Last year, I wrote a blog on the High Court’s ruling about whether prisoners should be allowed to vote.
The matter has come up again with Arthur Taylor having launched a case against John Key’s election in the Helensville electorate. Taylor is arguing that the results were invalid because 650 prisoners in Paremoremo Prison were excluded from voting in the electorate.
The matter is before the Court and initial reports indicate that Taylor is arguing the principle and Key’s lawyers are arguing the result. In other words, Key’s lawyers are arguing that whether prisoners have the right to vote or not doesn’t matter because the votes of the 650 prisoners would not have affected the outcome of the electorate vote.
As I have stated in the past, the issue of prisoners voting is a human rights issue at the core of it. The National Government passed a fundamentally flawed bill when the Electoral (Disqualification of Sentenced Prisoners) Amendment Act was passed. A person in jail is already doing their time; to take away another fundamental right is an extra punishment.
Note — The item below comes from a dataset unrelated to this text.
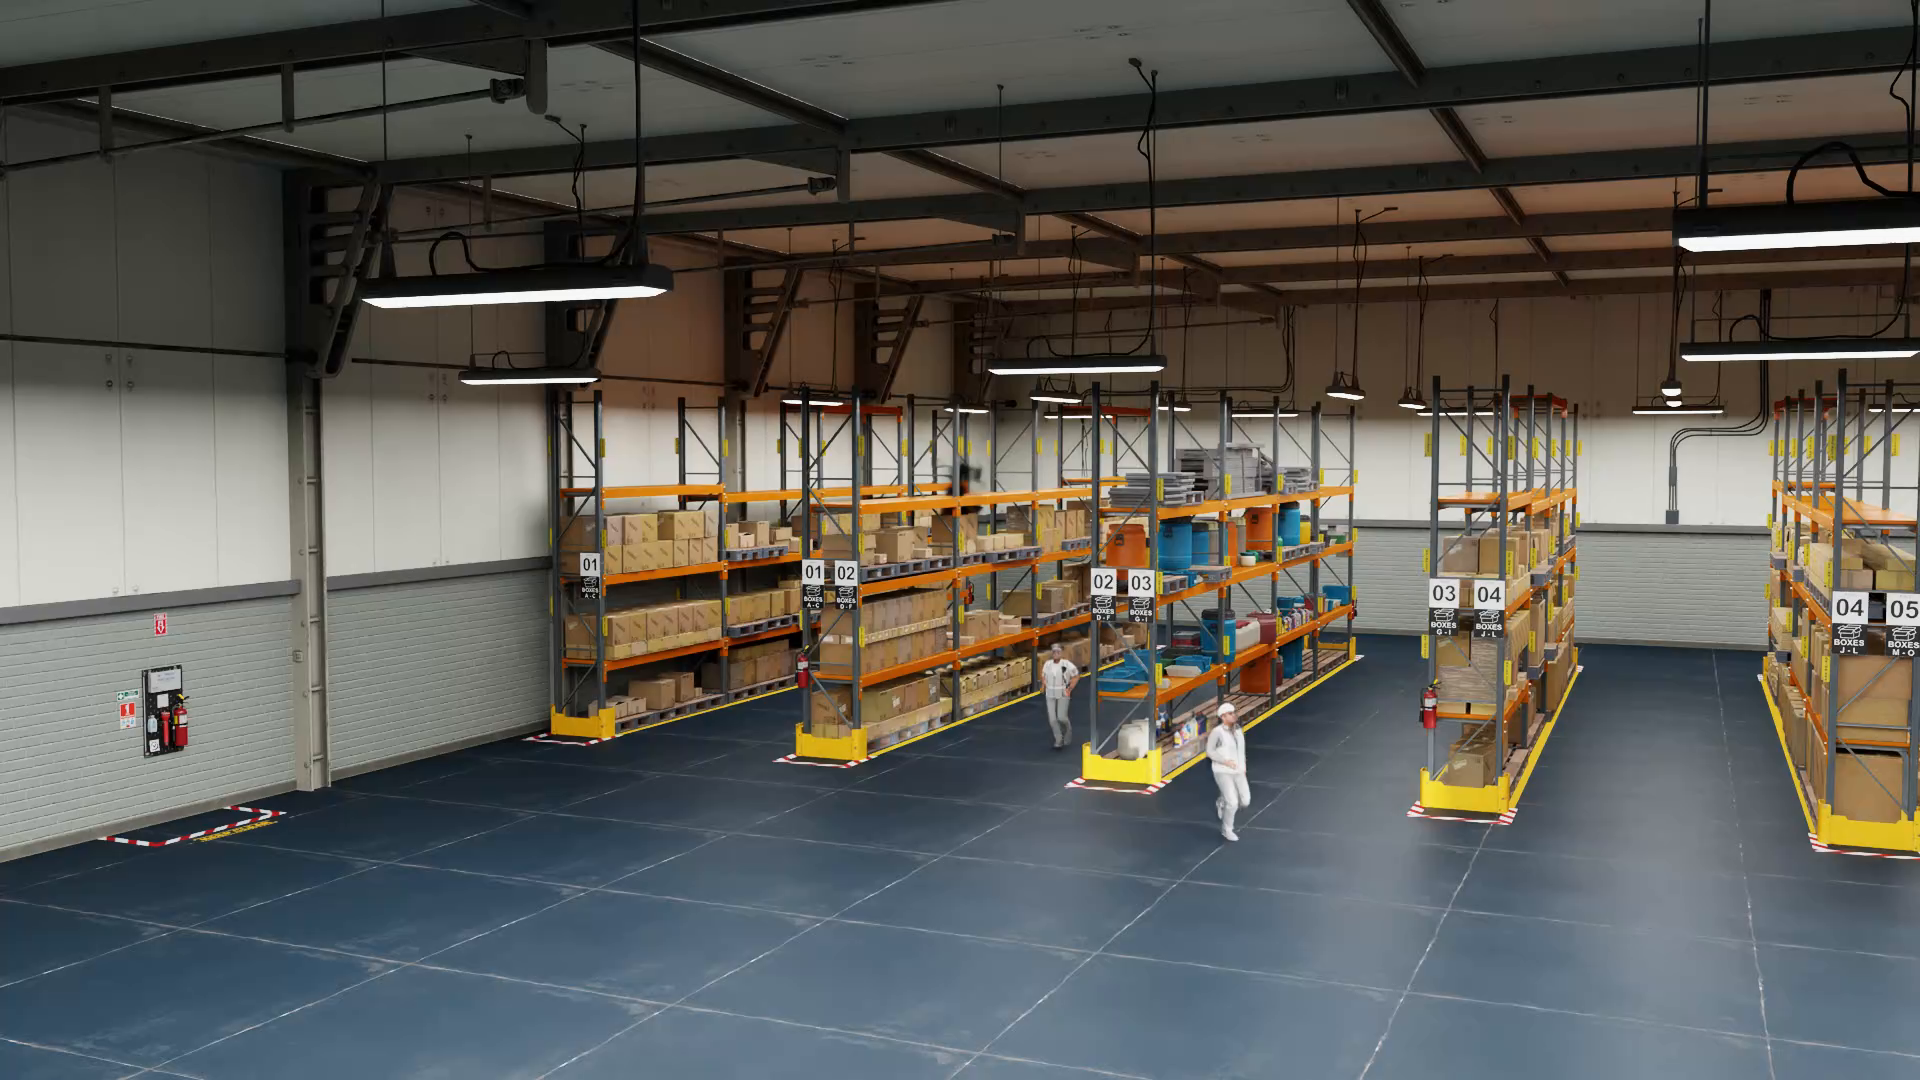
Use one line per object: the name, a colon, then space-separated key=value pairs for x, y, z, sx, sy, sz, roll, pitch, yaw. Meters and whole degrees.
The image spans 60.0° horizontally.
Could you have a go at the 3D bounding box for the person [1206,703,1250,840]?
person: x=3.451 y=2.964 z=21.398 sx=0.691 sy=1.736 sz=0.609 roll=-2 pitch=4 yaw=-35

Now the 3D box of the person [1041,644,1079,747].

Even the New Zealand High Court has held that this amendment is “constitutionally objectionable” but because Parliament is supreme, the courts are not able to intervene.
Further, we are tarnishing our reputation on the world stage. Under Article 25 of the International Covenant on Civil and Political Rights (ICCPR) and section 12 (a) of the New Zealand Bill of Rights Act 1990 (NZBORA), we need to ensure that all New Zealanders are able to take part in free and equal elections.
Jail should be an opportunity for rehabilitation and reintegration. By further marginalising prisoners from society, we are not doing them, or us, any favours.